Domain Loader Configurator

Intended to configure loading of a single or a set of column-formatted files into NSAPH PostgreSQL Database. Input (aka source) files can be either in FST or in CSV format

Configurator assumes that the database schema is defined as a YAML or JSON file. A separate tool is available to introspect source files and infer possible database schema.

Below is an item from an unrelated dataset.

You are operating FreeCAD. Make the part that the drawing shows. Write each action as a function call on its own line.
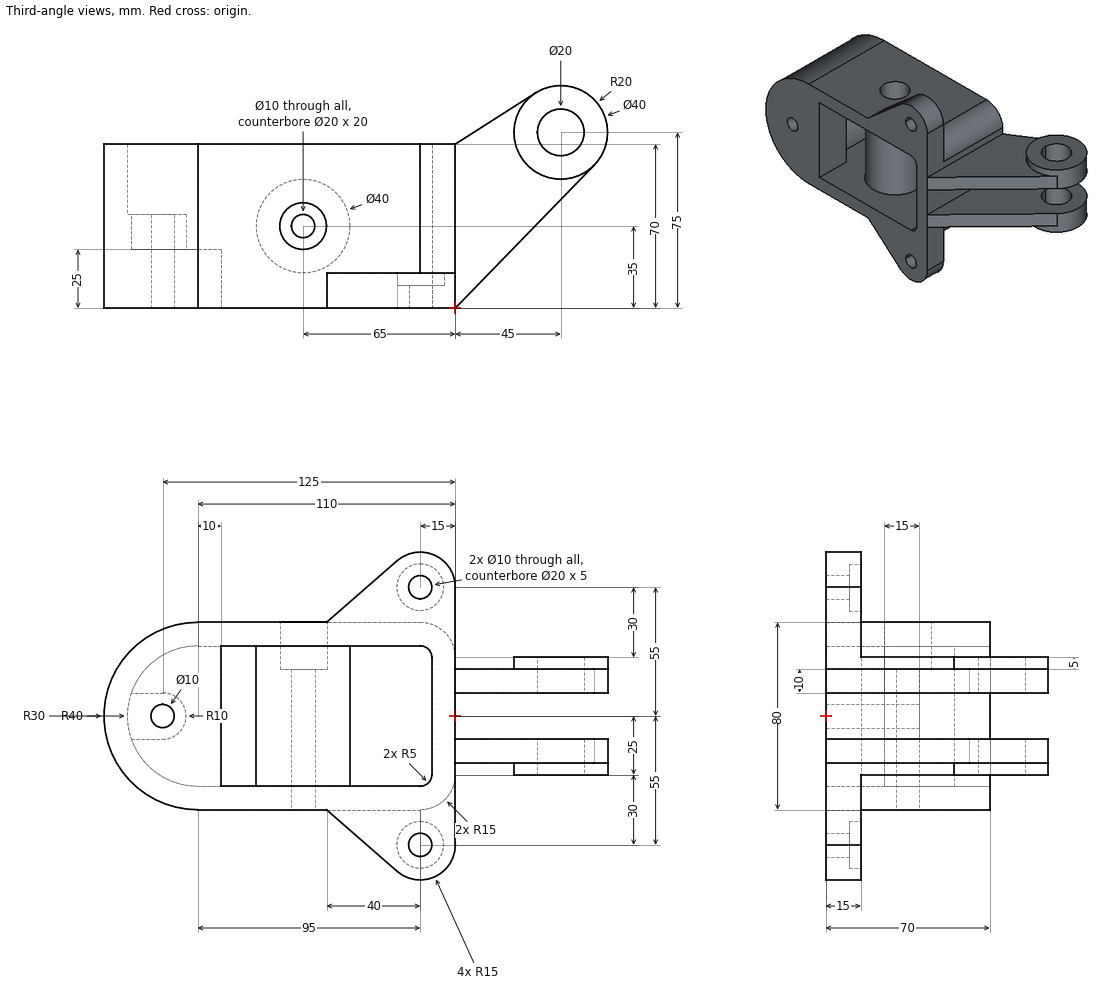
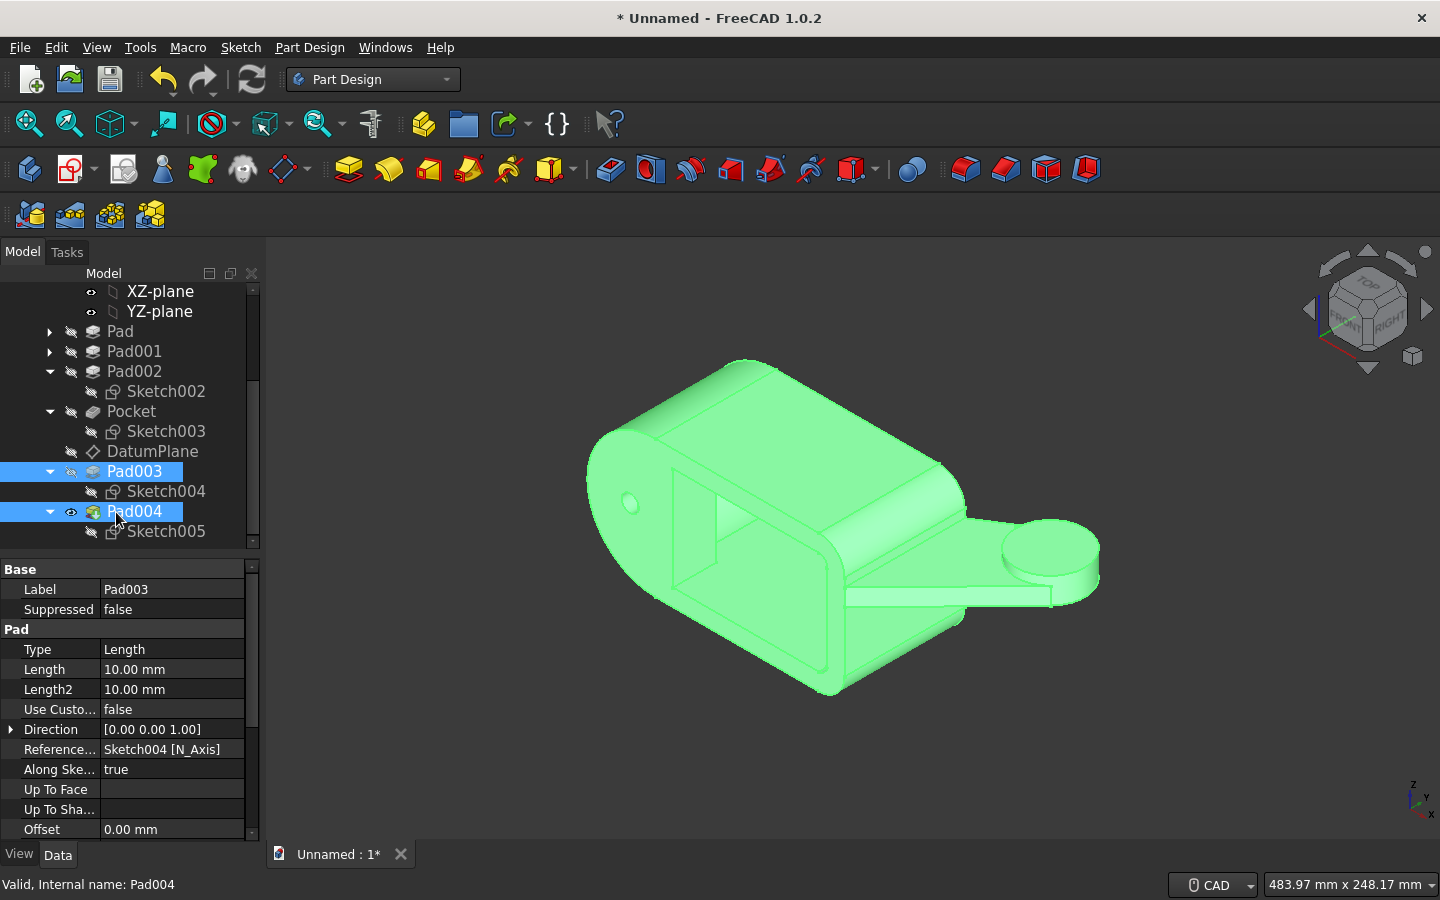
click(30, 214)

class Parallelization(value)[source]

An enumeration.

lines = 'lines'
files = 'files'
none = 'none'
class DataLoaderAction(value)[source]

An enumeration.

drop = 'drop'
load = 'load'
insert = 'insert'
print = 'print'
classmethod new(value: str)[source]
class LoaderConfig(doc)[source]

Configurator class for data loader

Creates a new object

Parameters:
  • subclass – A concrete class containing configuration information Configuration options must be defined as class memebers with names, starting with one ‘_’ characters and values be instances of :class Argument:

  • description – Optional text to use as description. If not specified, then it is extracted from subclass documentation

action: Optional[DataLoaderAction]

If this option is given, then the whole domain schema will be dropped

data

Path to a data file or directory. Can be a single CSV, gzipped CSV or FST file or a directory recursively containing CSV files. Can also be a tar, tar.gz (or tgz) or zip archive containing CSV files

reset

Force recreating table(s) if it/they already exist

page

Explicit page size for the database

log

Explicit interval for logging

limit

Load at most specified number of records

buffer

Buffer size for converting fst files

threads

Number of threads writing into the database

parallelization

Type of parallelization, if any

pattern

pattern for files in a directory or an archive, e.g., “**/maxdata_*_ps_*.csv”

incremental

Commit every file and skip over files that have already been ingested

sloppy

Do not update existing tables and views

validate(attr, value)[source]

Subclasses can override this method to implement custom handling of command line arguments

Parameters:
  • attr – Command line argument name

  • value – Value returned by argparse

Returns:

value to use